WRITE_DST_OC="$DRILL_ROOT/write/dst_oc"
WRITE_DST_CP="$DRILL_ROOT/write/dst_cp"
mkdir -p "$WRITE_SRC" "$WRITE_DST_OC" "$WRITE_DST_CP"
cp "$LARGE_SRC/large.bin" "$WRITE_SRC/large.bin"

write_only_out="$BENCH_OUT_DIR/write_only_iocp.json"
log "running scenario: write_only_iocp -> $write_only_out"
hyperfine \
--warmup "$BENCH_WARMUP" \
--runs "$BENCH_RUNS" \
--export-json "$write_only_out" \
--command-name "oc-rsync-write" \
--prepare "rm -rf '$WRITE_DST_OC'/* '$WRITE_DST_OC'/.[!.]* 2>/dev/null || true" \
"'$OC_RSYNC' --whole-file --inplace -a '$WRITE_SRC/' '$WRITE_DST_OC/'" \
--command-name "fs-copy-control" \
--prepare "rm -rf '$WRITE_DST_CP'/* '$WRITE_DST_CP'/.[!.]* 2>/dev/null || true" \
"cp '$WRITE_SRC/large.bin' '$WRITE_DST_CP/large.bin'"

# ------------------------------------------------------------------
# read_only_iocp
# --dry-run walks and reads the source but never writes the
# destination, isolating IocpReader's per-IO blocking drain
# (audit rows #2, #3). Control is upstream rsync with the same
# flag, so any delta reflects oc-rsync's read-side completion
# handling rather than the dry-run bookkeeping itself.
# ------------------------------------------------------------------
READ_DST_OC="$DRILL_ROOT/read/dst_oc"
READ_DST_UP="$DRILL_ROOT/read/dst_up"
mkdir -p "$READ_DST_OC" "$READ_DST_UP"

read_only_out="$BENCH_OUT_DIR/read_only_iocp.json"
log "running scenario: read_only_iocp -> $read_only_out"
hyperfine \
--warmup "$BENCH_WARMUP" \
--runs "$BENCH_RUNS" \
--export-json "$read_only_out" \
--command-name "oc-rsync-read" \
"'$OC_RSYNC' -a --dry-run '$LARGE_SRC/' '$READ_DST_OC/'" \
--command-name "upstream-rsync-read" \
"'$UPSTREAM_RSYNC' -a --dry-run '$LARGE_SRC/' '$READ_DST_UP/'"

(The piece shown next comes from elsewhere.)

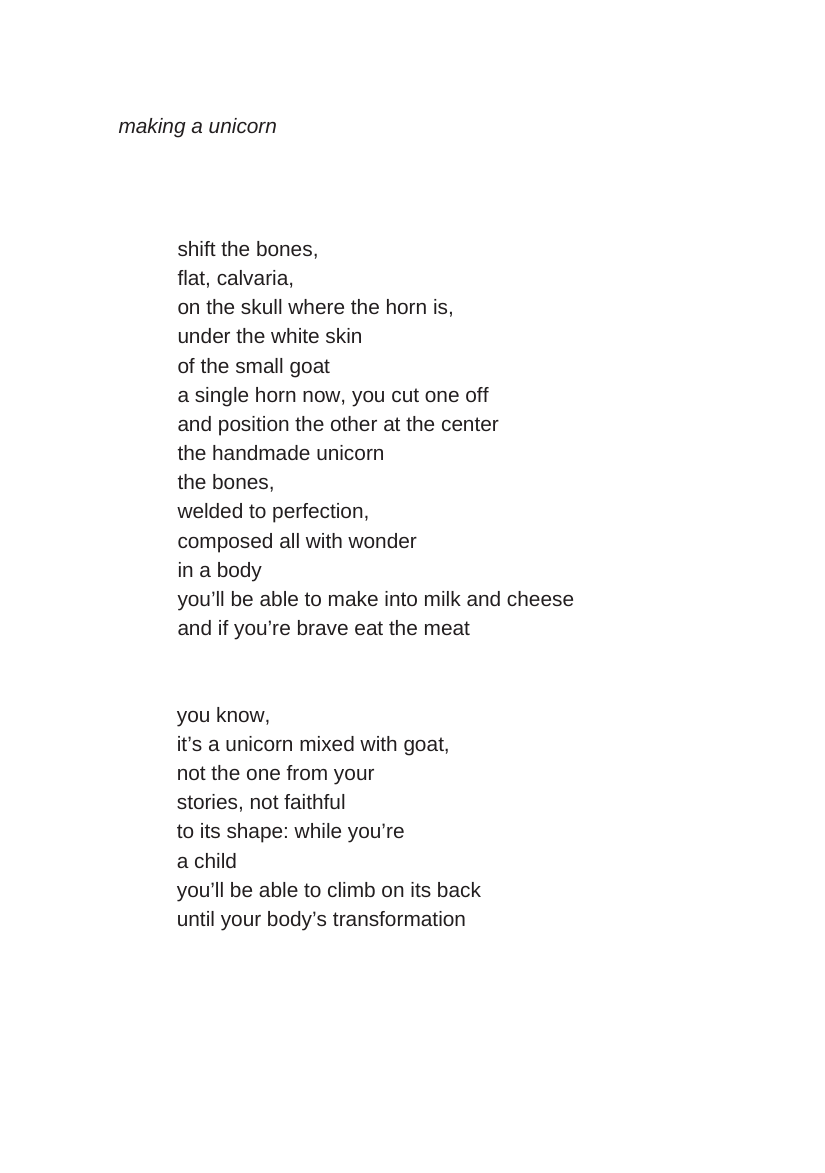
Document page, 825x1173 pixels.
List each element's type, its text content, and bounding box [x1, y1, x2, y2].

# ------------------------------------------------------------------
# network_only_loopback
# Spawns two short-lived oc-rsync daemons on loopback ports and
# measures a push from one to the other. Source and destination
# are on the same disk, so disk bandwidth is symmetrical; the
# variable under test is the IocpSocket send/recv path (audit
# rows #8-#11). Control is upstream rsync running its own
# loopback daemon under the same shape.
# ------------------------------------------------------------------
NET_ROOT="$DRILL_ROOT/network"
NET_SRC="$NET_ROOT/src"
NET_DST_OC="$NET_ROOT/dst_oc"
NET_DST_UP="$NET_ROOT/dst_up"
NET_CONF_OC="$NET_ROOT/oc-rsyncd.conf"
NET_CONF_UP="$NET_ROOT/upstream-rsyncd.conf"
NET_PID_OC="$NET_ROOT/oc-rsyncd.pid"
NET_PID_UP="$NET_ROOT/upstream-rsyncd.pid"
NET_LOG_OC="$NET_ROOT/oc-rsyncd.log"
NET_LOG_UP="$NET_ROOT/upstream-rsyncd.log"
mkdir -p "$NET_SRC" "$NET_DST_OC" "$NET_DST_UP"
cp "$LARGE_SRC/large.bin" "$NET_SRC/large.bin"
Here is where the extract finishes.